Introduction
The Warren Court’s legacy is ubiquitous.1 With the eponymous Chief Justice Warren at the helm, the Supreme Court featured a strong majority of left-of-center jurists, and those “liberal lions” ruled (or roared) accordingly. Landmark rulings like Brown v. Board of Education2 and Miranda v. Arizona3 have occupied generations of law students, but they also shaped popular culture, becoming household phrases that still frame legal debate.4
Yet the American legal system has steadily grown more conservative ever since the Warren Court ended in 1969. From the mid-1970s to the mid-2010s, judicial power often favored conservatives, such as when the Court sided with George W. Bush to declare him the victor of the 2000 presidential election.5 Even so, the Justices kept the Warren Court’s memory alive through major liberal decisions like Boumediene v. Bush6 and Obergefell v. Hodges.7 The last ten or so years of this period were often called the Kennedy Court, after its pivotal “swing Justice.”
This persistent trend to the right reached a tipping point in late 2020 with the death of Justice Ginsburg. When Justice Barrett arrived, the Court acquired what myriad commentators describe as a “conservative supermajority.”8 The result was an avulsive shift to the right on issues like abortion9 and affirmative action.10 Even more importantly, the Court became almost uniformly conservative in its rulings. When the Justices issue left-of-center decisions, they are almost always narrow or consistent with prior law.11 The question is no longer whether the Court will break left or right with respect to a salient legal issue. The only practical question is: “How far to the right?”
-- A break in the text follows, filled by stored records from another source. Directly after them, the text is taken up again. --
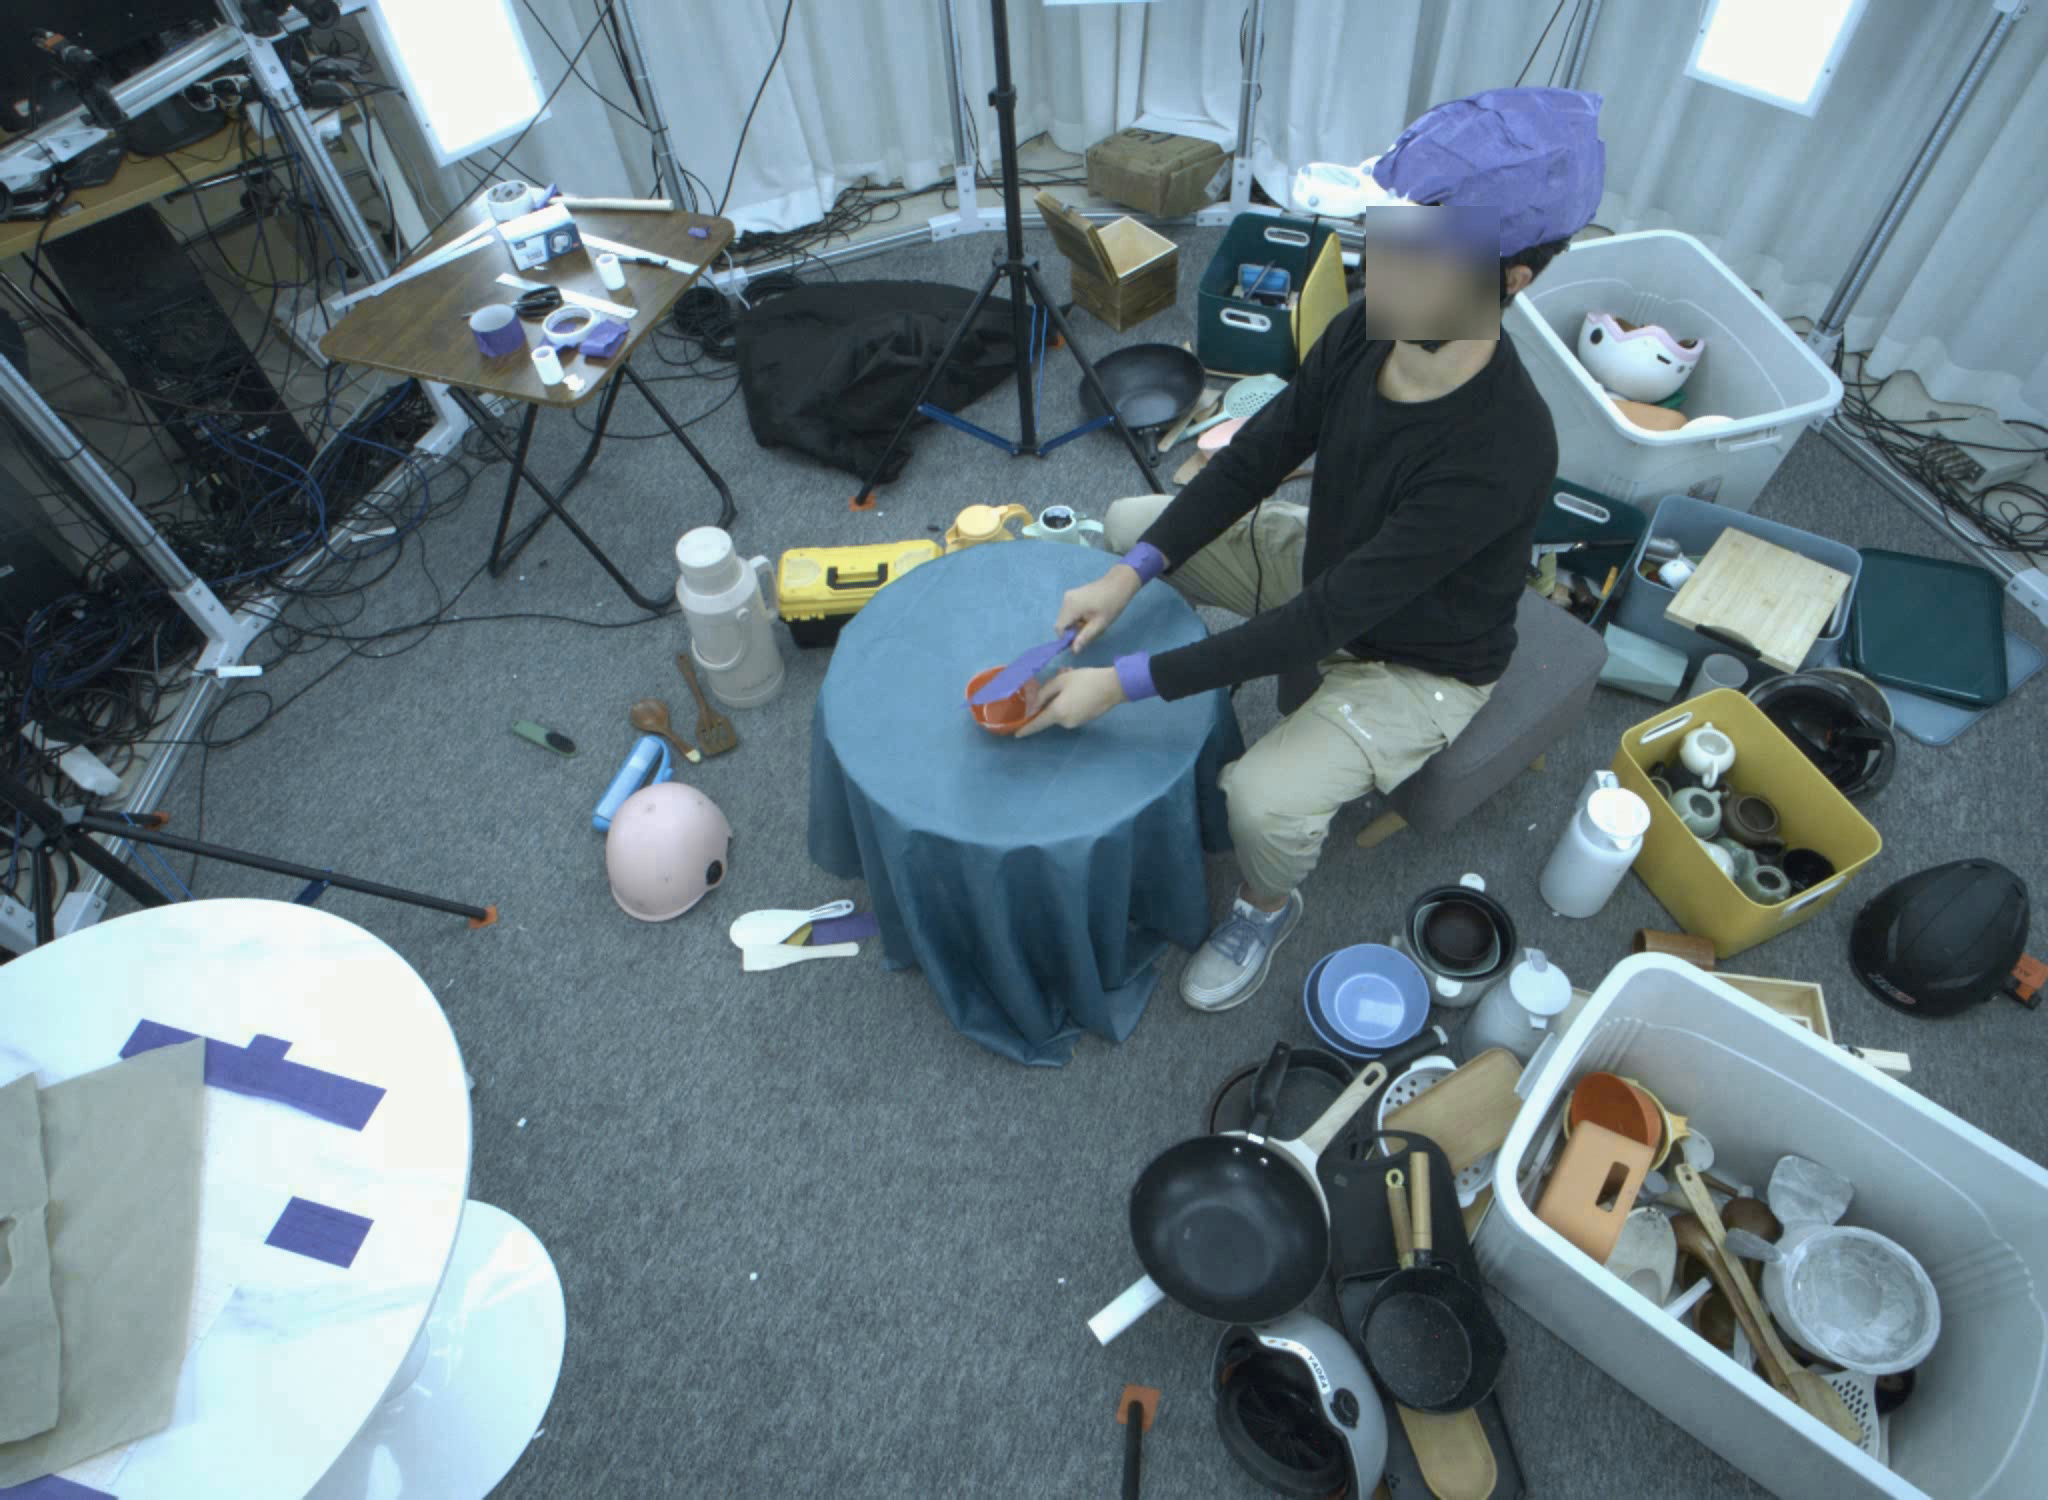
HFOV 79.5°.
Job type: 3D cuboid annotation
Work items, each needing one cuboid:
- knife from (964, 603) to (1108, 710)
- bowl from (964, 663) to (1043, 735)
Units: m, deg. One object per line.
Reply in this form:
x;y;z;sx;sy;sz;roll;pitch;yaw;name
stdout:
0.017;-0.139;1.786;0.102;0.032;0.318;-10;21;36;knife
-0.027;-0.067;1.797;0.118;0.052;0.117;-2;54;4;bowl

We might call this new arrangement the “Barrett Court,” given its connection to the historic Justice Barrett appointment. Yet Justice Barrett neither leads the Justices like Chief Justice Warren nor controls outcomes like Justice Kennedy.12 The “Roberts Court” spans too wide a period to capture what is special about the last several years. Perhaps the “Trump Court” is fitting, given President Trump’s role in appointing the three key Justices who moved the Court to the right, to say nothing of his second term. But the Court that President Trump has helped create does not simply do his bidding13 — and is a critical counterweight to the second Trump Administration.
The best label adopts a historical, functional perspective. The present Court is a “Conservative Warren Court.”14 That is, it possesses the defining traits that the Warren Court did, but in political opposite. It has a strong majority ideological alignment. And it wields its power in pursuit of its ideological goals. Instead of being the most liberal Court in living memory, however, it is the most conservative.15 One might reach even further back in time and posit that the new Court is the “New Lochner Court,” but that label connotes specific ideological positions from the early twentieth century and has less resonance in our era.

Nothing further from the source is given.